Almost 80 percent want to see Vallco Mall redeveloped

78.2 percent said they want to see redevelopment at Vallco Mall.78.2 percent said they want to see redevelopment at Vallco Mall.

The results are in from Cupertino Today’s poll about the future of Vallco Mall that ran from Dec. 23 through Jan. 2. Within the sample of 312 unique poll respondents*, 78.2 percent said they want to see redevelopment at the mall located at 10123 N. Wolfe Rd, whether it be a mixed-use or a housing-centric plan.

The poll (see full results below) was launched amid the start of the public review process for Sand Hill Property Company’s latest development proposals for the mall. Sand Hill Property submitted a letter to the City in early October with an official request to restart the development process at Vallco. The letter asked to “collaborate with the City to develop a Specific Plan, that provides more options than we have today,” including two alternatives that contain more residential units.

Poll results: What do you want to see happen at Vallco mall?

Nearly 80 percent of voters said they want to see Vallco Mall redeveloped.

The developer asked the City to study project alternatives for the site that would reduce the amount of office space from Sand Hill’s earlier plan called The Hills at Vallco and increase the amount of housing, an option that was supported by the highest number of poll participants, with 117 votes or 37.5 percent.

Of poll respondents, 35.3 percent favored the previous plan, known as The Hills at Vallco, which proposed a rooftop park, entertainment district and a mix of other uses to support them.

In the poll, 19.2 percent expressed a desire for Vallco to remain retail only, a sentiment that comes amid a national trend of retail closures. On Monday, Business Insider predicted a “tsunami” of store closings in the U.S. in 2018 following a record year in 2017 that saw Macy’s, Sears, J.C. Penney and other major retailers shuttering an estimated 9,000 stores. At the same time as retail spaces remain vacant in malls such as Vallco, “50 retail chains filed for bankruptcy,” according to the article.

The public review process for the Vallco Mall proposals began at the City Council meeting on Dec. 19, where consultants hired by the City presented preliminary information about the different aspects of the process for a Vallco Specific Plan. They talked about the work they are going to do in the upcoming months, which will involve opportunities for community input, an anticipated schedule for the Specific Plan, research about the EIR, traffic, and the economic environment. 

 

*EDITOR’S NOTE:
While the poll initially and unintentionally allowed individuals to vote multiple times, the Cupertino Today staff eliminated all duplicates to depict only unique votes. Only one vote per I.P. address was taken into account, to allow a correct representation of the poll. Deviations – such as one single person who made the effort to vote up to 80 times for the “retail only” option – were leveled out this way.

4 Comments on "Almost 80 percent want to see Vallco Mall redeveloped"

  1. Is increasing value of the property the reason for this proposal?
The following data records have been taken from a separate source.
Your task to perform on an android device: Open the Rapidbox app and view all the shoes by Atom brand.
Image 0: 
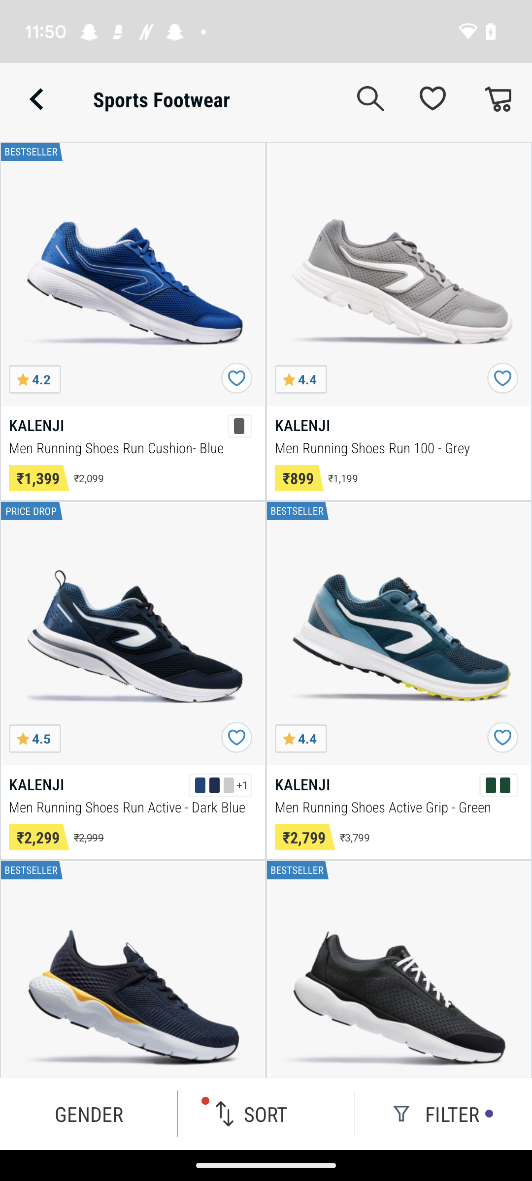
Open the Rapidbox app
Step 0: open app "RapidBox"
Image 1: 
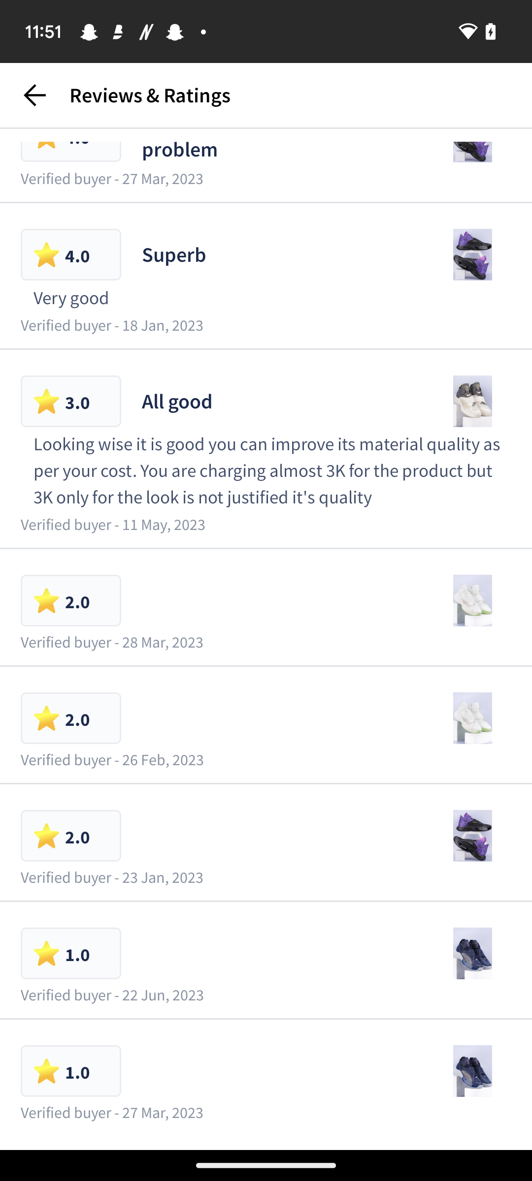
Click on the back icon at the top left corner of the screen
Step 1: click (34, 95)
Image 2: 
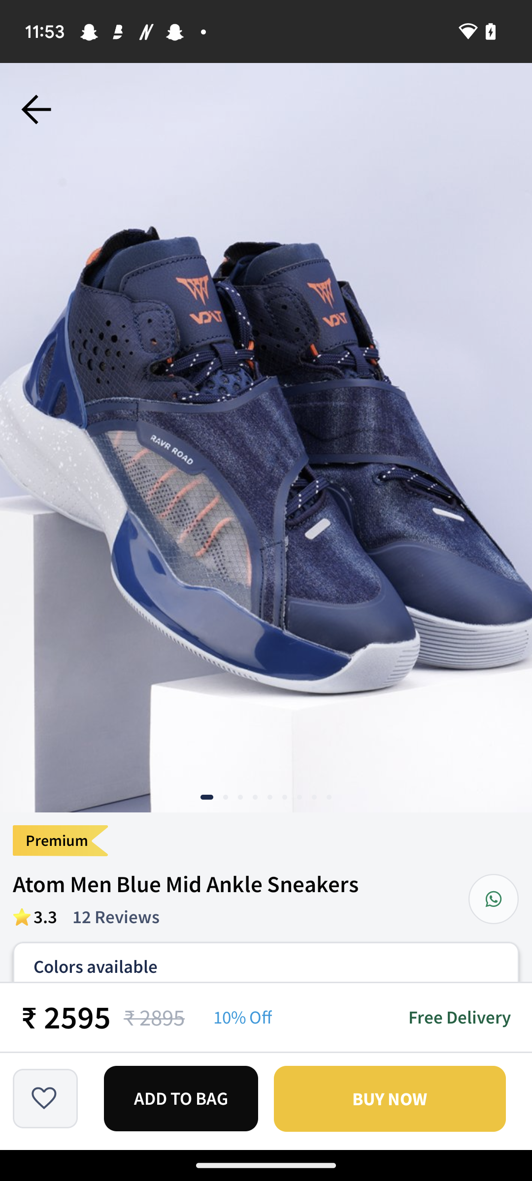
Go back to the app home page
Step 2: press back button
Image 3: 
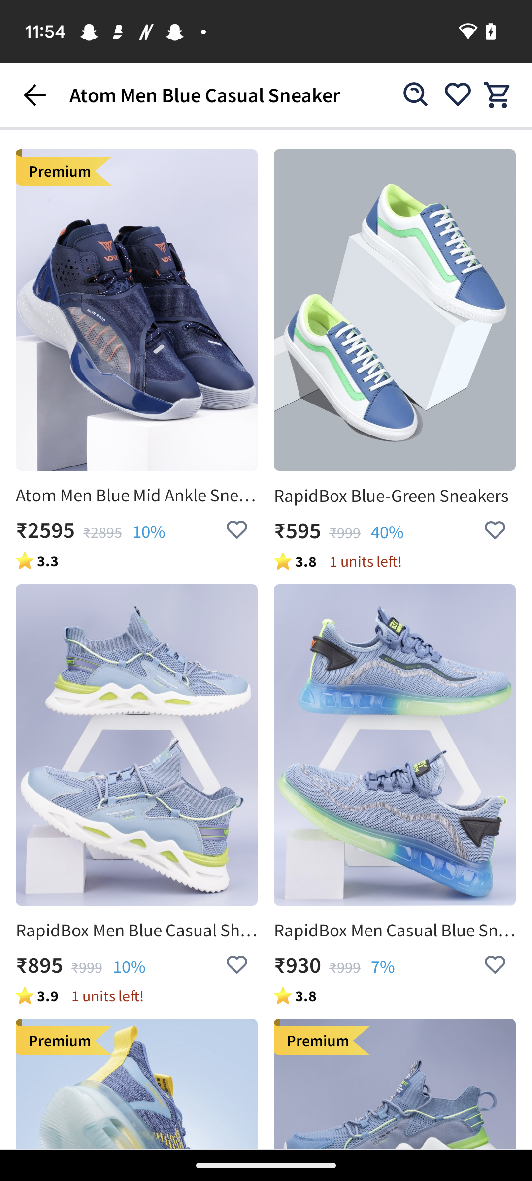
Go back to the app home page
Step 3: press back button
Image 4: 
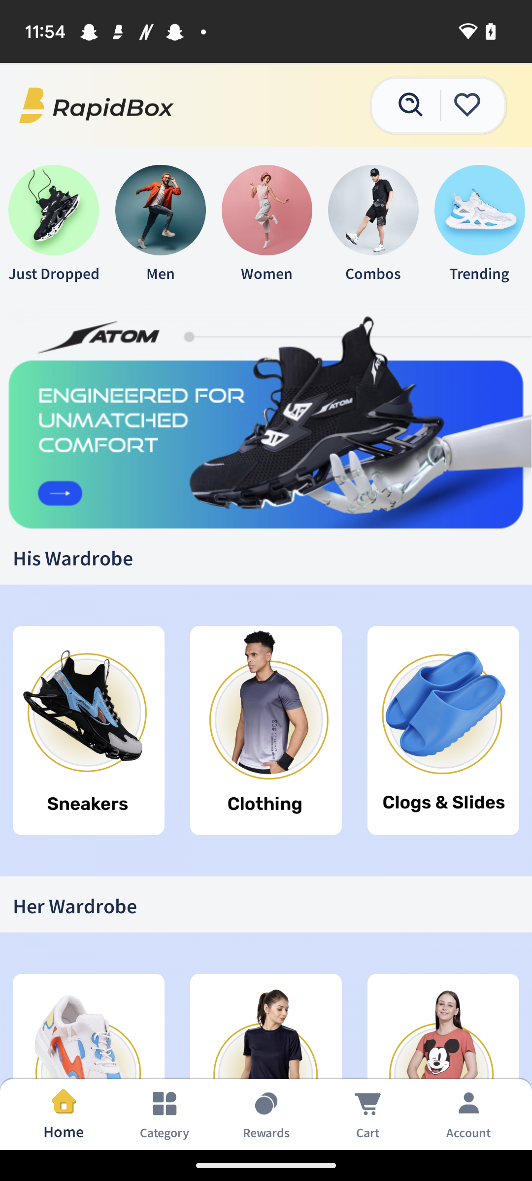
Swipe up
Step 4: scroll down
Image 5: 
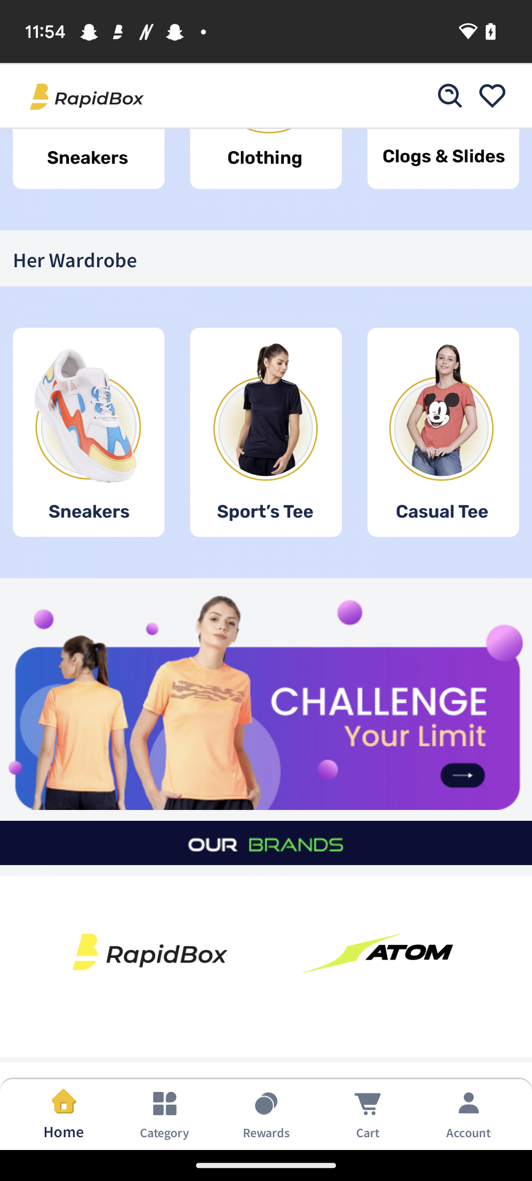
Click on the atom brand
Step 5: click (399, 934)

  2. Henry, making this a viable property would be the goal of any owner of a property this large and this type. The business concept behind shopping malls is near extinction and malls all across the country are either closing and being torn down, or re-purposed into community type facilities, offering a lot of options. This mall location has the components of a future successful business opportunity that would benefit the residents of Cupertino, nearby cities and businesses. The entertainment portion consists of three existing businesses that are still drawing in a strong customer base. The theatre complex, the ice rink and bowling alley, with the restaurant on top of the last two, are still doing good business, despite being surrounded by empty buildings. The makings of a new Vallco, in whatever final version is agreed to, would bring all those businesses into one area, allowing for re-development of the remaining large property with much needed housing for nearby and community needs. Would this increase the value of the property, of course it would. Doing anything different would increase the value of this property. Is there something wrong with any of this?
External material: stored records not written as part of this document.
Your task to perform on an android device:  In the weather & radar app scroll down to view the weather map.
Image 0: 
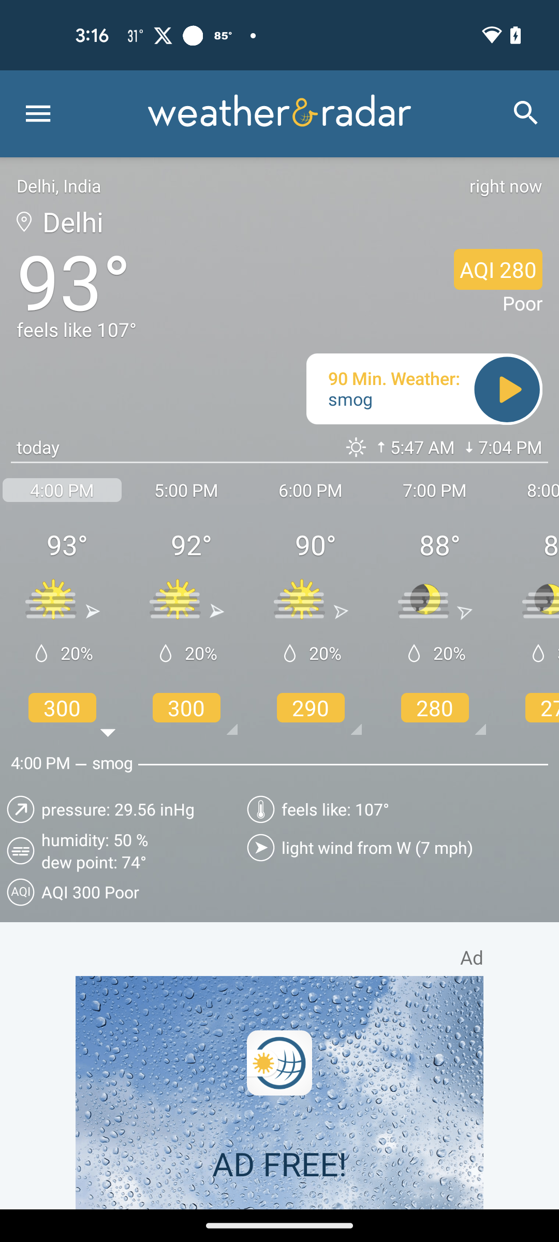
Scroll down to view the weather map.
Step 0: scroll down
Image 1: 
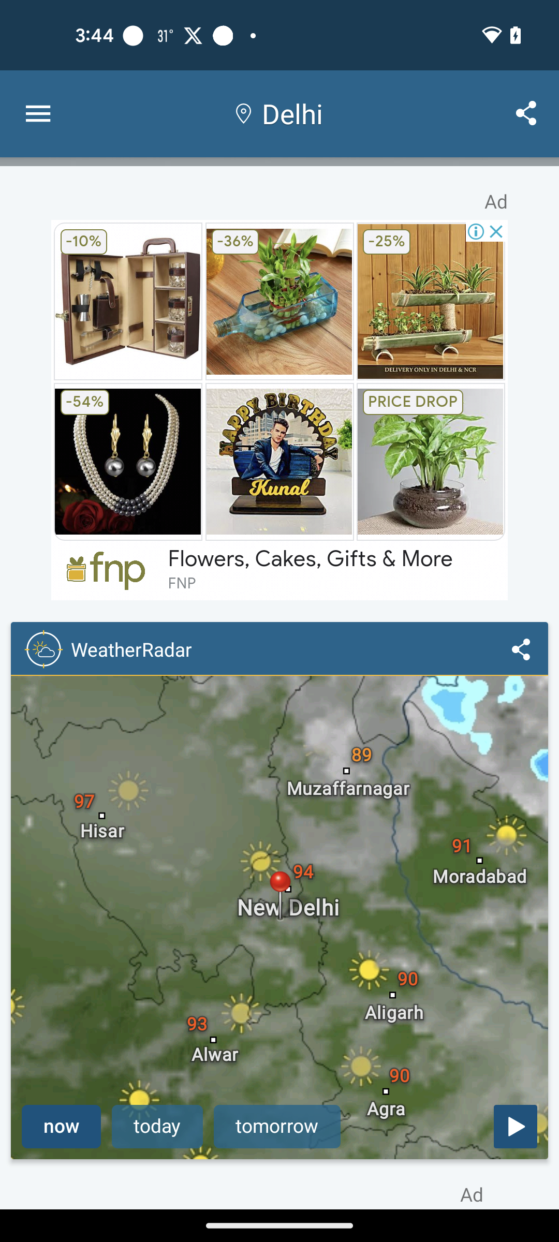
Click on the map to view weather map.
Step 1: click (277, 885)
Image 2: 
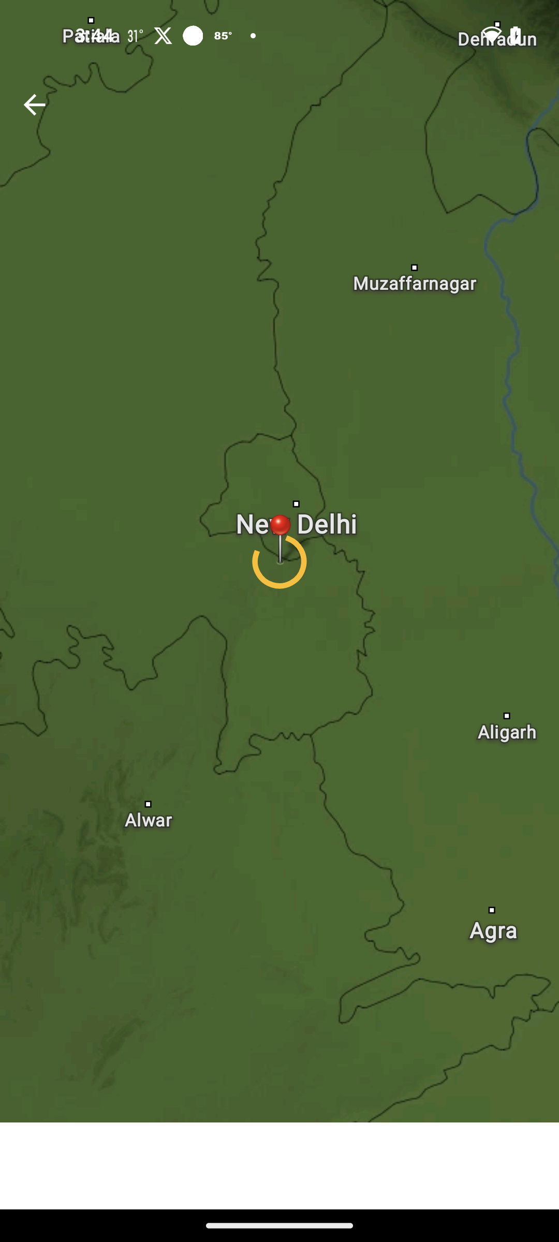
Click on the map to view weather map.
Step 2: wait

  3. Intense, high density housing is a foregone conclusion. I have closely observed other cities, and clearly the tide of packing as many people as possible into the smallest possible space is the unstoppable trend. It is logical for developers to want to make money, and city councils will eventually capitulate to them. If this is what the majority of people want, I guess that is the way, in a democratic manner, it should go. However, it is either incredibly short sighted regarding future quality of life issues, or people (like rodents) simply have evolved to prefer to live in a compacted environment, similar to Singapore, Delhi and even New York. However, take note that New York, as a recent study demonstrates, has occupants who psychologically are pretty much the most unhappy people in the United States. High density housing is a short term fix for high rents, and an immediate windfall for developers and investors, but it is ominous for our future. However, as a society we chose to ignore the implications of earlier warnings about the negative environmental and quality of life issues regarding the “population time bomb.” and it is unlikely that our attitudes are going to change. As always, follow the money and ignore the larger quality of life issues. It is silly and fruitless to agonize over Vallco: Just build the housing, and as much of it as possible, and be done with the issue.

    • Efficient housing does not encourage population growth . It simply rearranges the existing population into a more centralized location. Having people (or rodents in your usage) crawl up and down 280 and 101 rather than live next to work is hardly superior for their mental state or the environment.